Muscovy Duck

Muscovy Duck
Roosting on the gate

2011 - My second year of blogging in Brittany

I felt I would like to share some of the photographs I have taken so far this year and some from other years. I live in a beautiful part of Brittany and just love being here. It's a lovely place to photograph and enjoy being in through all the seasons and hopefully this blog will show you where I live my life.



Saturday, February 6, 2010

Saturday, 6 February 2010 - Getting veggies and fruit ready

I went to the local garden shop, Point Vert, yesterday afternoon.  I had wanted to buy some seed potatoes and I bought Charlotte which is what I tend to buy in the supermarket in the summer months.  They gave me a free net of another seed potato called Delice which they said was an all-rounder.  I had been going to cut down my potato crop this year because I'm finding it more and more difficult to dig, but maybe I'll plant some in plastic dustbins so I don't have to use a spade - I can't refuse a freebie. 


I have actually planned to plant raspberry canes in the potato bed this year, but through weed suppressing membrane so that no digging is necessary, just pruning, picking and eating!  I have collected between 60-70 canes of what the seller thought were Autumn Bliss raspberries which were advertised on our local expat website, which is often a source of goodies for me.

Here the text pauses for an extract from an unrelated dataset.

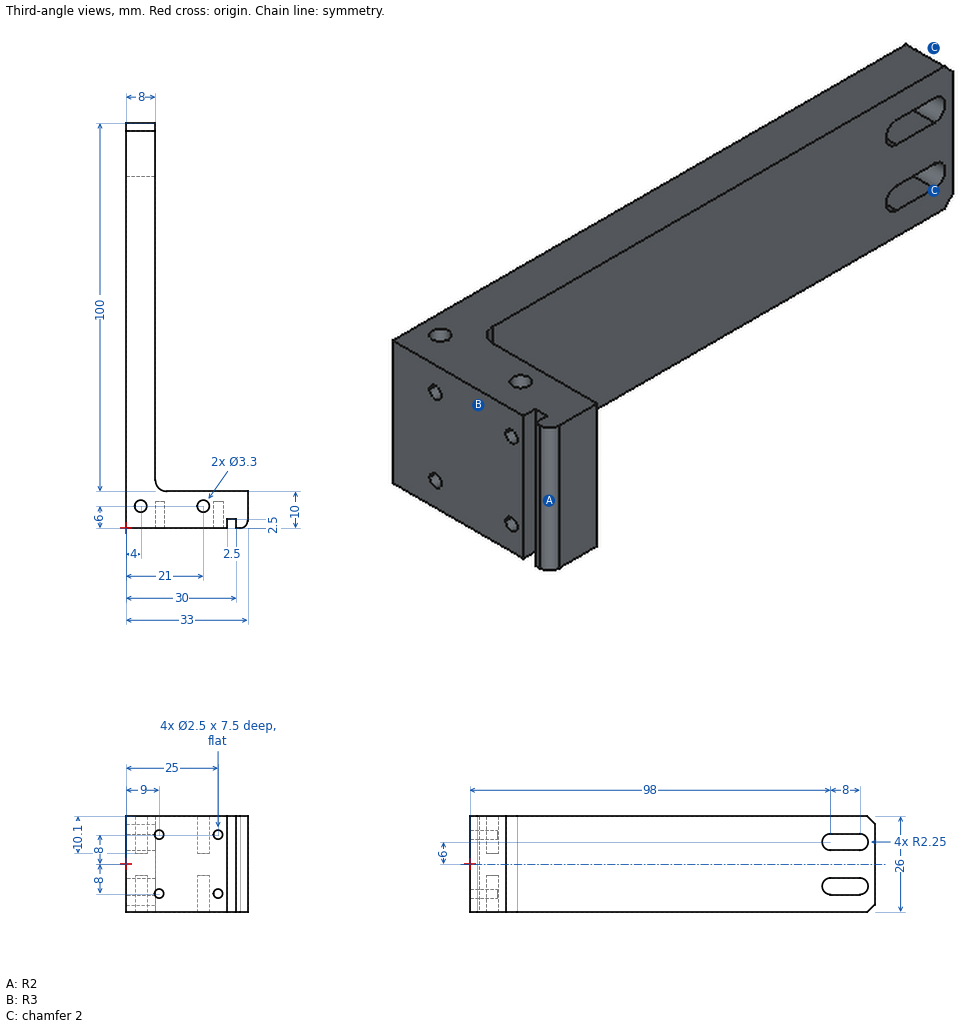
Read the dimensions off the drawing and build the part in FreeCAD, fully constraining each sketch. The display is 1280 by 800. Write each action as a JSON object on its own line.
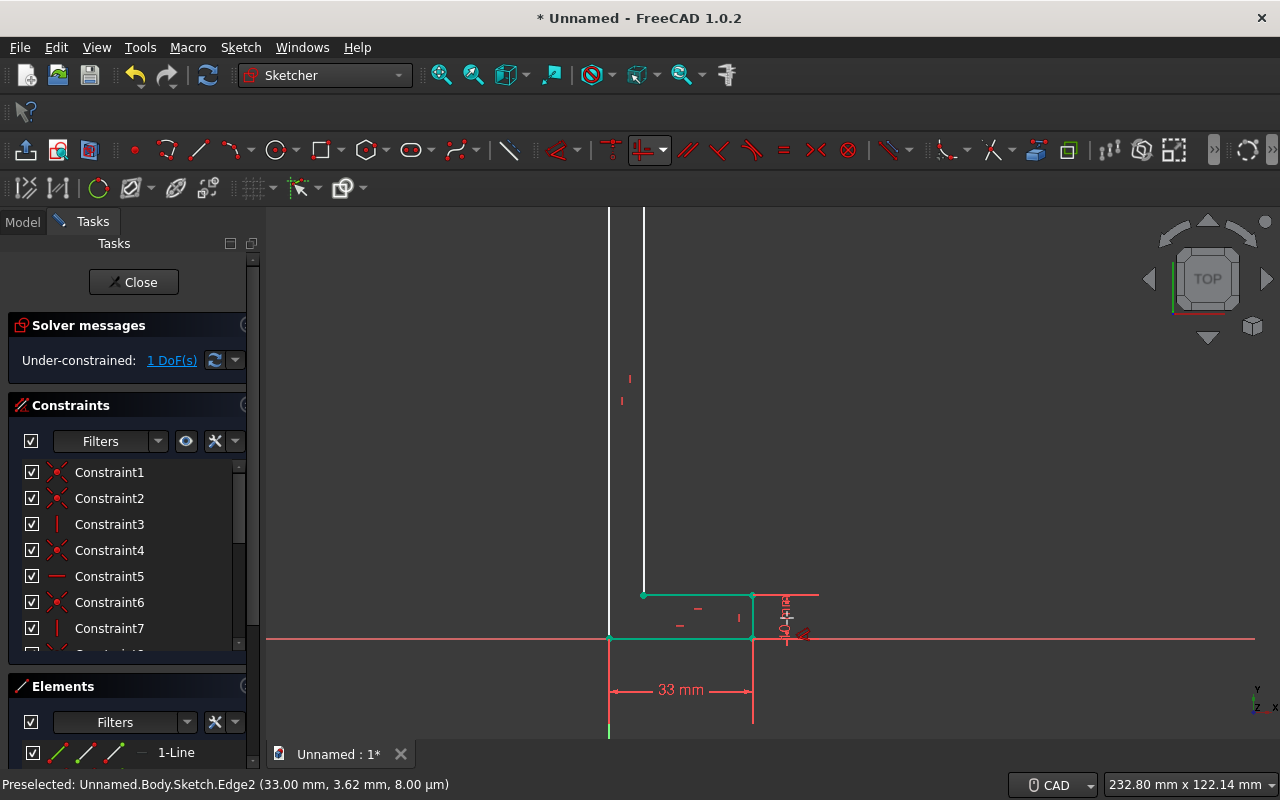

I also succumbed to the display of shallots and onions sets which they had in the main shop and bought both shallots which I like best for salads and moules marinieres, and red onions which I use in my spiced cabbage recipe amongst other things.







         

My rhubarb is just poking it's head out of the ground and I can see the textured leaves and the beginning of bright pink rhubarb.  I don't force my rhubarb as I believe it weakens the plants and anyway, I am a believer of eating crops when they mature naturally.  I adore rhubarb in crumble and as a fool, and I love a glass of the juice left in the roasting dish when I cook it for crumble.


My Maran hen has just started laying again and her eggs are such a beautiful deep brown.  The egg on the left was laid by I'm not sure whom, just before Christmas and I have blown it for decorating at Easter.  It weighed three and a half ounces, which is very heavy for a hen's egg.  The second egg is a normal brown hen's  egg, the third one is the Maran's egg and the little one on the right is from one of the eight week old bantams I brought home in October, who have just come into lay.




4 comments:

  1. Great to see all the progress on your blog in just one week - you're certainly ahead of me on the planning stakes for veggies... all looks great though and I love rhubarb too and am definately with you on not forcing it! Hope you're having a good weekend.. Miranda

    ReplyDelete
  2. What impressive and lovely eggs! But what generated the most admiration and envy in me is the fact that you've got rhubarb coming up already. here it will be at least 2 1/2 months before local rhubarb makes an appearance, and I have none left in the freezer. Frozen-from-stores rhubarb just doesn't cut it, does it?

    ReplyDelete
  3. Thanks for the comments, girls! I'm still having problems with the order of things and have to publish the post to look at it and then redo it which is a bit frustrating, but I'm getting there. Hopefully, we're going to clip the wings on Grace tomorrow to try and keep her in one field and therefore away from the fox - it depends how much she struggles.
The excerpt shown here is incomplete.